Война — чудовище с придурью, того и гляди, огрызнется, развернется так неуклюже, что полмира смахнет, а то и весь зацепит да и снесет до основания.
Мне все еще кажется, что я на страже, берегу вверенный мне взвод — Мой Взвод! Я принадлежу ему.
Шоссе под Львом
Связь с группой старшего лейтенанта Пигалева оборвалась, когда они только достигли окраины города Львова и ввязались в бой с противником. А перед рассветом начальник разведотдела подполковник Копылов распорядился передать Пигалеву, что по имеющимся данным противник заминировал городскую водонапорную башню. Об остальном уже догадаться не трудно: удастся взорвать — город надолго останется без воды. Приказ состоял в том, чтобы разминировать башню. Требовалось передать этот приказ немедленно. Но связи не было.

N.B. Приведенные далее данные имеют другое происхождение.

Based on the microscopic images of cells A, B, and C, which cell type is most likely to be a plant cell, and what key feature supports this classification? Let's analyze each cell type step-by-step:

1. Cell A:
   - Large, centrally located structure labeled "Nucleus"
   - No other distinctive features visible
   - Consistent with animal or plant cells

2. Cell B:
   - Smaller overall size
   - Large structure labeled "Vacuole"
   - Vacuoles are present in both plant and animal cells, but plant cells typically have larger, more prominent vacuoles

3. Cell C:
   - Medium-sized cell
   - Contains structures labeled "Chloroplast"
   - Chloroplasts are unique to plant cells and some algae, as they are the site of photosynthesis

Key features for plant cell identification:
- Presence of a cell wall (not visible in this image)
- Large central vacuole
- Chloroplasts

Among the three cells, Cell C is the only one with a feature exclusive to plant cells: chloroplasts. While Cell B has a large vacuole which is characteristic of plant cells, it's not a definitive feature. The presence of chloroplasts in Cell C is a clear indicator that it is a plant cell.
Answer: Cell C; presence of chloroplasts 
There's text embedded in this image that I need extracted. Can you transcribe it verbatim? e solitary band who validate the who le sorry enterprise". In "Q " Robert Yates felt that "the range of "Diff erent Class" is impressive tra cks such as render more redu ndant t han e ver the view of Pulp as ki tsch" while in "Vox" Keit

Ночной эфир переполняли сотни таинственных звуков. Только его завывания и писки совсем не походили на позывные лейтенанта Пигалева. Мы несколько раз наугад передали им распоряжение, но кто мог гарантировать, что наше сообщение принято?
Оставалось одно: проскочить на мотоциклах к Львову — двадцать шесть километров туда, двадцать шесть обратно, всего пятьдесят два, раз плюнуть. Командир батальона гладил лысину, молчал, потом посмотрел на меня откровенно тоскливо и наконец согласился:
— Впереди и сзади будут двигаться еще по одному мотоциклу. Охрана, — пояснил он, наверное, чтобы я не подумал, что это почетный эскорт. — В случае чего прикроют… — добавил он уже совсем неопределенно.

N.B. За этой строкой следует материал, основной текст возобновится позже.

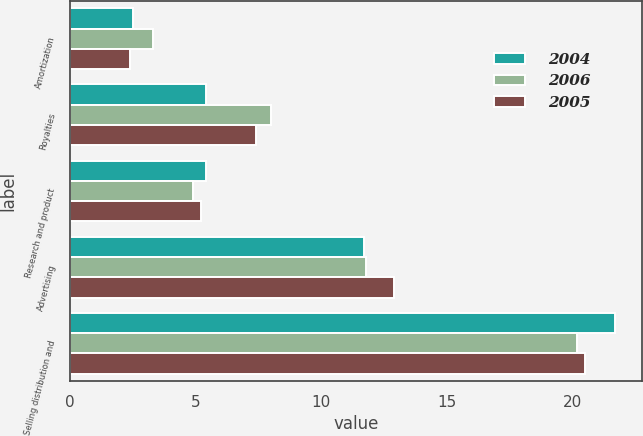Convert chart to OTSL. <chart><loc_0><loc_0><loc_500><loc_500><stacked_bar_chart><ecel><fcel>Amortization<fcel>Royalties<fcel>Research and product<fcel>Advertising<fcel>Selling distribution and<nl><fcel>2004<fcel>2.5<fcel>5.4<fcel>5.4<fcel>11.7<fcel>21.7<nl><fcel>2006<fcel>3.3<fcel>8<fcel>4.9<fcel>11.8<fcel>20.2<nl><fcel>2005<fcel>2.4<fcel>7.4<fcel>5.2<fcel>12.9<fcel>20.5<nl></chart> 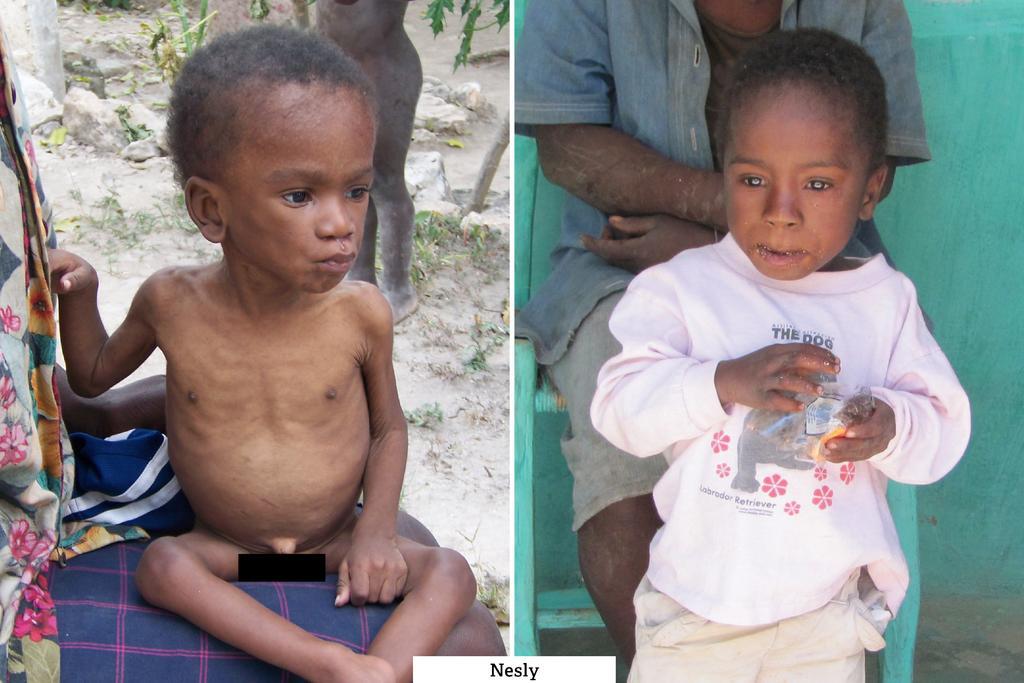Can you describe this image briefly? This image is a collage. In this image there are people and we can see rocks. There are plants and we can see a wall. 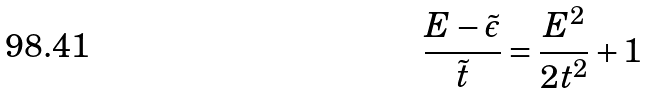<formula> <loc_0><loc_0><loc_500><loc_500>\frac { E - \tilde { \epsilon } } { \tilde { t } } = \frac { E ^ { 2 } } { 2 t ^ { 2 } } + 1</formula>

Перед рассветом наша кавалькада не спеша выехала на шоссе, продвинулась до вершины небольшого холма и остановилась возле передового дозора. Договорились о сигналах и о том, как будем разворачиваться к бою, если нас обстреляют спереди, с флангов или с тыла; о том, что будем делать, если в лесу есть заграждение или засада; как третий мотоцикл — с пулеметом — прикроет нас, если начнется преследование или придется отходить.

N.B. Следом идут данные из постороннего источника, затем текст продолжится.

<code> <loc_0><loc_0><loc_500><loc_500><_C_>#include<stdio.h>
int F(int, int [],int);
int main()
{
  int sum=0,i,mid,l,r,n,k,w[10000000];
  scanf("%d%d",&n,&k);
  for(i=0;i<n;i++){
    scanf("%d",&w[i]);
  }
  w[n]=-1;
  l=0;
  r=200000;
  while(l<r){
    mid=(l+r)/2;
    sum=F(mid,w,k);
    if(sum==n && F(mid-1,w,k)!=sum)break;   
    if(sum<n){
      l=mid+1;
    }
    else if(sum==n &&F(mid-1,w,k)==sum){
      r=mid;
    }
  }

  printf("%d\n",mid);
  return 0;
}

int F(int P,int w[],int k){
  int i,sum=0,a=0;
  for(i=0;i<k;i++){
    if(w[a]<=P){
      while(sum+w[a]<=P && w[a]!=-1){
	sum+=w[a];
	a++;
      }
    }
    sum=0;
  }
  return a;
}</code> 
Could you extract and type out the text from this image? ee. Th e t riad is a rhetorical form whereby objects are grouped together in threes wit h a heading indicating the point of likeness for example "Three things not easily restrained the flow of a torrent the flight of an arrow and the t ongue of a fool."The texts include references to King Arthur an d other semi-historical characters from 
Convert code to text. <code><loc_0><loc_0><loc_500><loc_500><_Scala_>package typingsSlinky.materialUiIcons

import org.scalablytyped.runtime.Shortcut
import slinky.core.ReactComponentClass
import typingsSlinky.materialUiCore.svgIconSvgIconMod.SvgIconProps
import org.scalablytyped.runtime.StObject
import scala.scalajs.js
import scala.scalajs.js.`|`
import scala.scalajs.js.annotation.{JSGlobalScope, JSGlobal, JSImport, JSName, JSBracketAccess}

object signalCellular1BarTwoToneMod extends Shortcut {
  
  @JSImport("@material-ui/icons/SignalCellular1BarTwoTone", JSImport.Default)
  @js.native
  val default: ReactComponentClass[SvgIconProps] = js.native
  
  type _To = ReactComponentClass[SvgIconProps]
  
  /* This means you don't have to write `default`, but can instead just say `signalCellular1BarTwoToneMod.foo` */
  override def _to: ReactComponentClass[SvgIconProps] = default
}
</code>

Когда начало светать, на шоссе у леса обозначился силуэт подбитого немецкого танка. Ствол его орудия был уныло опущен. На всякий случай я спросил, не переместился ли за ночь подбитый танк, но наблюдатели чуть убежденнее, чем следовало на войне, заверили:
— Полный мертвяк! Как дали ему вчера, так он и скис. Навеки.
Пора было трогаться, но ощущение какой-то тревоги, отдельной от всех других тревог, мешало. Чего-то не хватало. Или что-то было лишнее… Да, лишнее… Поверх гимнастерки был поясной офицерский ремень с портупеей — это нормально, но вот еще одна портупея — это ремень от полевой сумки. Лишней была полевая сумка. «Какого черта я не оставил ее в штабе? Ведь в сумке документы. За танковый корпус…» Но и это сомнение было лишним из-за несвоевременности. Возвращаться было поздно, да и не полагалось. Подумаешь, двадцать шесть километров!